You can add additional categories, depending on your specific financial situation. For instance, you may need to add a pet care category if you have pets or may not need to include a monthly subscriptions, memberships and dues category if you do not have these costs.

No matter your situation, your budget should be comprehensive and identify exactly where your money is going, while making it simpler to identify areas for financial improvement.

3. Create a safety net

An urgent step to take is establishing a solid financial safety net as quickly as possible. Having a cushion is a major factor in becoming financially independent. Create an emergency fund alongside your typical savings account and funnel money into that fund whenever you can. You should save enough to cover at least three to six months’ worth of living expenses, so you don’t have to depend on any outside help in the event of unforeseen circumstances.

4. Save automatically

Using automated features can help you save money. 

For instance, direct deposit can direct money to several different accounts at once, enabling you to grow your savings while sending money into your checking account, too. You should consider using an income percentage, rather than a hard number, when setting up direct deposit distribution. This allows contributions to increase automatically with pay increases.

Another approach to consider is automated transfers. Some financial institutions also offer the ability to schedule recurring transfers from checking to savings accounts to make sure you are always contributing to your nest egg.

5. Establish or build your credit

Good credit can make achieving certain long-term goals easier. A solid credit score can help you:

  • Get a leg up as a renter in competitive markets
  • Secure lower interest rates on financing, such as car loans or mortgages
  • Be approved for higher credit limits and loan amounts (including business loans, as business lenders use both business credit scores and personal credit scores to vet borrowers)

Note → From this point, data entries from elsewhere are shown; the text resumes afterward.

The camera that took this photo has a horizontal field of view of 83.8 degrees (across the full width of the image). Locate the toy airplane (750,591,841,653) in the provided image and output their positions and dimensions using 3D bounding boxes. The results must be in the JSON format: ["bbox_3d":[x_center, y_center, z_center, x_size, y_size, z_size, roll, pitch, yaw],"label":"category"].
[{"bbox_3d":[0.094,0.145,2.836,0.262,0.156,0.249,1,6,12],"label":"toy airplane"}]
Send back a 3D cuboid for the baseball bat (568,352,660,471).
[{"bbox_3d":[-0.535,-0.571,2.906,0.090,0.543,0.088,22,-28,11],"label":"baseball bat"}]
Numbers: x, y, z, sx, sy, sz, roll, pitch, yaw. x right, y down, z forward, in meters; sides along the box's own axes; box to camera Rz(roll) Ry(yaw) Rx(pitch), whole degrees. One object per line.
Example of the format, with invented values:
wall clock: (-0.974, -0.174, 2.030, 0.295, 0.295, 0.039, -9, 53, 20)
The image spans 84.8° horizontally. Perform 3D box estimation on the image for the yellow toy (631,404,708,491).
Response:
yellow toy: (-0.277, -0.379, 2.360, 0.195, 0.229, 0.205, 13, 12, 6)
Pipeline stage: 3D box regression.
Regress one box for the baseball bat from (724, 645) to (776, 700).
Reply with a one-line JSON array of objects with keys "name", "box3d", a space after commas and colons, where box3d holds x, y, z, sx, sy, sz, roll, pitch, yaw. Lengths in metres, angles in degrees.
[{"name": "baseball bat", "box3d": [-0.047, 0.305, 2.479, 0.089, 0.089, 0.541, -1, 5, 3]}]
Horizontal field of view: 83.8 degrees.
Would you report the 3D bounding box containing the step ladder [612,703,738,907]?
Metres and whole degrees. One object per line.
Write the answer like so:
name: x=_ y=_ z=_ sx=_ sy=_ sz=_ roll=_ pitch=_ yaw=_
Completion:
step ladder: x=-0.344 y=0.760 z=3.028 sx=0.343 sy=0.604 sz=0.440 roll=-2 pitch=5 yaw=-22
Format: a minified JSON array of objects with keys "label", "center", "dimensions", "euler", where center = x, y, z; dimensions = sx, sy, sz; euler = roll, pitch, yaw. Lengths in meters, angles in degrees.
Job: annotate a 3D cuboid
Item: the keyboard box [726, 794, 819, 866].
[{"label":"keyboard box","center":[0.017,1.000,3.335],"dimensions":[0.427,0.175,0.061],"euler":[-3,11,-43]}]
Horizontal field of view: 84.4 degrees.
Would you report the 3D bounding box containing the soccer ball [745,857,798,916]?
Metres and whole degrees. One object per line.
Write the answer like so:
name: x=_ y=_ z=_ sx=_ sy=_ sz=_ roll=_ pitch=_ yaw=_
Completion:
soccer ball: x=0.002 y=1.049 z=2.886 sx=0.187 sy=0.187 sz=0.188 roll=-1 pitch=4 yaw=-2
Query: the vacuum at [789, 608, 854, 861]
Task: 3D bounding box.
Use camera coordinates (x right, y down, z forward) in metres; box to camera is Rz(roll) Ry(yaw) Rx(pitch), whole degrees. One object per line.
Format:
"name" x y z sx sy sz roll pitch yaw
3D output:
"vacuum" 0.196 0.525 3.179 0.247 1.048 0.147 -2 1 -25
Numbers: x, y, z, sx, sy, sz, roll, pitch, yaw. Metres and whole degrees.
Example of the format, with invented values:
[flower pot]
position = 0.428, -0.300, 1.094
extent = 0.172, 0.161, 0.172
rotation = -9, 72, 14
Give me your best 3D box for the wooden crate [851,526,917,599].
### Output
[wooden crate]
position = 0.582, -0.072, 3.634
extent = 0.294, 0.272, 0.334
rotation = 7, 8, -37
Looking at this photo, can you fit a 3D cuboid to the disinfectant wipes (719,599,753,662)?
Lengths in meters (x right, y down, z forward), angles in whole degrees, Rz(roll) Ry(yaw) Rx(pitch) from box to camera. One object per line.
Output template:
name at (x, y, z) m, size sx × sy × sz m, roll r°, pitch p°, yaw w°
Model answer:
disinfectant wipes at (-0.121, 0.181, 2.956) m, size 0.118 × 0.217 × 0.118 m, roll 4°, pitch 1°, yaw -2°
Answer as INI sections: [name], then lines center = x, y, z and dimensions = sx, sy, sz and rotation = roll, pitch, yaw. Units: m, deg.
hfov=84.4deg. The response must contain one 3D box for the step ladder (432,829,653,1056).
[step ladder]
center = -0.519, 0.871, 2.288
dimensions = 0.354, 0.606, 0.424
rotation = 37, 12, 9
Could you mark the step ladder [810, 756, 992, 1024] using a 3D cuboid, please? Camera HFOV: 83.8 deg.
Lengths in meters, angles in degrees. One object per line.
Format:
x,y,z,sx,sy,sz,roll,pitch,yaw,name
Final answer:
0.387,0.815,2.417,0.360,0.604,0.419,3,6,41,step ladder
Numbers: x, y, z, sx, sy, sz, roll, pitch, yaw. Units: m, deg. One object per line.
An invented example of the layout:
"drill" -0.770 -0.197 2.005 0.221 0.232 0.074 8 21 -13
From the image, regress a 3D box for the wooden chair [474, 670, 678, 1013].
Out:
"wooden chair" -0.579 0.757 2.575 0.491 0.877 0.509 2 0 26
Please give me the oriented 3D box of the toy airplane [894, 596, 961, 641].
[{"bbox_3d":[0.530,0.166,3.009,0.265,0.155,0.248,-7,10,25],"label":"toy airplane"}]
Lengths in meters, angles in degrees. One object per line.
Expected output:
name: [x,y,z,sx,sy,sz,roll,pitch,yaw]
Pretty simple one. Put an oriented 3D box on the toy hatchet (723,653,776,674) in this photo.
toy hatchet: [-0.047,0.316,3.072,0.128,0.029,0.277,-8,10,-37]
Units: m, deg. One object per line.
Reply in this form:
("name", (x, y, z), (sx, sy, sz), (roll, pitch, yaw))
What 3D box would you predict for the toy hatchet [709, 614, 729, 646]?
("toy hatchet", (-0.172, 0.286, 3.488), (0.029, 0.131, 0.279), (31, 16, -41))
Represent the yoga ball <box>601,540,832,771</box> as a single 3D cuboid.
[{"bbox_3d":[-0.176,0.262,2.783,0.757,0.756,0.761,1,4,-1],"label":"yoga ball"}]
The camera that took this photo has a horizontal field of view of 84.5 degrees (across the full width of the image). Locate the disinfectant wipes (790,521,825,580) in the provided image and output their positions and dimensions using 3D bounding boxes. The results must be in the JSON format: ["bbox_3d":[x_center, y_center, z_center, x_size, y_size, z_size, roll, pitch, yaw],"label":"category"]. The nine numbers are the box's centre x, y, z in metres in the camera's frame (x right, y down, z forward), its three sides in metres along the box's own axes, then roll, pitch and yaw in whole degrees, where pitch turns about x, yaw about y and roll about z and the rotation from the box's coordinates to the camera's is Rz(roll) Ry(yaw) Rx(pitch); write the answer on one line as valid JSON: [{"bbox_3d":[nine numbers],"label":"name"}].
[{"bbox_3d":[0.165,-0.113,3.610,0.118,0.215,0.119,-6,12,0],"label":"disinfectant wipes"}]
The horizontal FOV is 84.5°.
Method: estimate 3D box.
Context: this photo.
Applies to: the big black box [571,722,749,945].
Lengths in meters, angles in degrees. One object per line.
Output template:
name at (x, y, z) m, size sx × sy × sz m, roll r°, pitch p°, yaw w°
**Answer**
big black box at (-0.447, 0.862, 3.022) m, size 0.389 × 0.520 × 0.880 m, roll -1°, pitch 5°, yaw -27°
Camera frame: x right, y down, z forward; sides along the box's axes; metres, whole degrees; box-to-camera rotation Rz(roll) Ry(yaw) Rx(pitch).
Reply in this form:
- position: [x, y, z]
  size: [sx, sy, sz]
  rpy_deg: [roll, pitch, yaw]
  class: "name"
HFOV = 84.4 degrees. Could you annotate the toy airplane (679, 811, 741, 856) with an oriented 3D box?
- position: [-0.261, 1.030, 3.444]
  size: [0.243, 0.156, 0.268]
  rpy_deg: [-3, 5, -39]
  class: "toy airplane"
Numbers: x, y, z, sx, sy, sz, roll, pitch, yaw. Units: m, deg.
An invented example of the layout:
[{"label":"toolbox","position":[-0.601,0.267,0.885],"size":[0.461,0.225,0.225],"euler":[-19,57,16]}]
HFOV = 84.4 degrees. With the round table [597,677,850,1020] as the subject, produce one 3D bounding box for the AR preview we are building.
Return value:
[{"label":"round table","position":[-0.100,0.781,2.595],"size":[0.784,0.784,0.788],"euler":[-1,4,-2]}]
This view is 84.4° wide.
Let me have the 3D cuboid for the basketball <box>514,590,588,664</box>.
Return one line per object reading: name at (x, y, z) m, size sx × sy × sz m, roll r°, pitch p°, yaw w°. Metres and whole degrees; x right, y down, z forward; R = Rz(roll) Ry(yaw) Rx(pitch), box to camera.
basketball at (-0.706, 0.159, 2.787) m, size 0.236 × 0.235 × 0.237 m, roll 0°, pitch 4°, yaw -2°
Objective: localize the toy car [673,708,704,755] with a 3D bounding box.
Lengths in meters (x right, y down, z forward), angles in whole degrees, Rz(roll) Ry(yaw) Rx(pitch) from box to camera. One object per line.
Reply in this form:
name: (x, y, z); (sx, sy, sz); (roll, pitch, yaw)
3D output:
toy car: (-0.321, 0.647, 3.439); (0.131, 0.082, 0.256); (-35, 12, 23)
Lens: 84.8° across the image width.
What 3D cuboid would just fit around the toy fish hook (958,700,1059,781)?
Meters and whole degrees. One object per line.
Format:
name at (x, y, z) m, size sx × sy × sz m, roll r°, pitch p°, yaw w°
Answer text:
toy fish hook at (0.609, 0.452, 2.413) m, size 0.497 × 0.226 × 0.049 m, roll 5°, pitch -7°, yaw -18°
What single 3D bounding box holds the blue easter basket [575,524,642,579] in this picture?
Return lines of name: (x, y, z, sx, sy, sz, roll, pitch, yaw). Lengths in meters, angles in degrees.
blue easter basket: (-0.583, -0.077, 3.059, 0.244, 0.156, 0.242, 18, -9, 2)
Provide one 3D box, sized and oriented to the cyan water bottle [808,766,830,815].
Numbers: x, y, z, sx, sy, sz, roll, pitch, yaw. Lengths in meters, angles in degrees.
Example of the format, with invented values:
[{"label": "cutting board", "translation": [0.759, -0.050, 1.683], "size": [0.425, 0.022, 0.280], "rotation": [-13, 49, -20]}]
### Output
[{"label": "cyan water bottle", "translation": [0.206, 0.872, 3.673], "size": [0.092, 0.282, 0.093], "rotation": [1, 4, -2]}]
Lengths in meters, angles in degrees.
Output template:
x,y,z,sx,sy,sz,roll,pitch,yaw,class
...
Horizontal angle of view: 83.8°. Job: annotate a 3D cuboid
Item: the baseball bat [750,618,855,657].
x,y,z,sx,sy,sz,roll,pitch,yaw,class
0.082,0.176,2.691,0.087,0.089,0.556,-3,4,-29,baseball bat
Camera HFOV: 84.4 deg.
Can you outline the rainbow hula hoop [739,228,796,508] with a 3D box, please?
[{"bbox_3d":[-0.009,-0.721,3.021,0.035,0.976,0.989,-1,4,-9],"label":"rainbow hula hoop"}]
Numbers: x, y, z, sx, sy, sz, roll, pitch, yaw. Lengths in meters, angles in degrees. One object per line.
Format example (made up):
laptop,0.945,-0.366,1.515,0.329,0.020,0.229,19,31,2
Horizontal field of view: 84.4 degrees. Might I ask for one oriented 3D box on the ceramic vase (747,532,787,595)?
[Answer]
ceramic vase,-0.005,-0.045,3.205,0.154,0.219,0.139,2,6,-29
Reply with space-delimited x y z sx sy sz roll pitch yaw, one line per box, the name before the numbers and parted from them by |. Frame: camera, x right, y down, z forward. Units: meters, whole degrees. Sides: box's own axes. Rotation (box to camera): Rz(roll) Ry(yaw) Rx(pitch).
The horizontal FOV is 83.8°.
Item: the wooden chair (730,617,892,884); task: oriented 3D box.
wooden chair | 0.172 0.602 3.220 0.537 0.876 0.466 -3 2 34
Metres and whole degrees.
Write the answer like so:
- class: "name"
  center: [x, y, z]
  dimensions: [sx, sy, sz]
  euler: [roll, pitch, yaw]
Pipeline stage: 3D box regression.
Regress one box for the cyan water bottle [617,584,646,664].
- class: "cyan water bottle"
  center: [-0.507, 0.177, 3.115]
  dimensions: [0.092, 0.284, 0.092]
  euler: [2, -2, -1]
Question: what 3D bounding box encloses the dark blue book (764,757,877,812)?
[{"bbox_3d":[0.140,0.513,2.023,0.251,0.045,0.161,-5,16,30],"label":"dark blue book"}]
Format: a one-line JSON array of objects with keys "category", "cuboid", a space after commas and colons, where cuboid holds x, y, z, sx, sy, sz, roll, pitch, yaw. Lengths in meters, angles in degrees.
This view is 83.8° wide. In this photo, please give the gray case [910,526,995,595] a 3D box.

These perks can positively affect reaching independence-related goals, such as moving into a more appealing apartment, growing a cushion for retirement or securing a loan to start your own business.

There are several ways to build credit, but the easiest first steps include using a secured or beginner-friendly credit card or being added as an authorized user on a responsible cardholder’s account. As you establish your credit, you will have more options to keep building it.

6. Diversify your income

Another way to ensure long-term financial stability is to have several income streams. Consider ways you can make extra cash, in addition to whatever your primary job provides. Extra streams of income can take many forms, from freelancing or establishing a “side hustle” (such as graphic design or writing) to walking dogs. Passive income streams from investments also can be a good way to supplement your primary source of income.

7. Get professional financial advice

Professional guidance can help you map your plan for how to be financially independent. A financial advisor can be a good resource to help you understand your money and gain important financial education concerning saving, retirement planning and more.

Other financial independence tips to consider

There’s no one formula for how to be financially independent. Instead, the path to financial freedom can vary. So, as you pursue stability and success, keep a few additional things in mind:

  • Figure out health insurance: Some jobs offer health insurance, but if you don’t have access to an employer-sponsored program, you will have to factor in another way to get coverage.
  • Pay debt wisely: Refinancing debt, like student loans, may make repaying debt easier.
  • Think cheap: Consistent cost-cutting (buying used items, borrowing things that aren’t needed permanently, etc.) can free money to be used elsewhere.
  • Seek financial education: Thorough financial education (like reading Black Personal Finance) can help you make more informed financial decisions.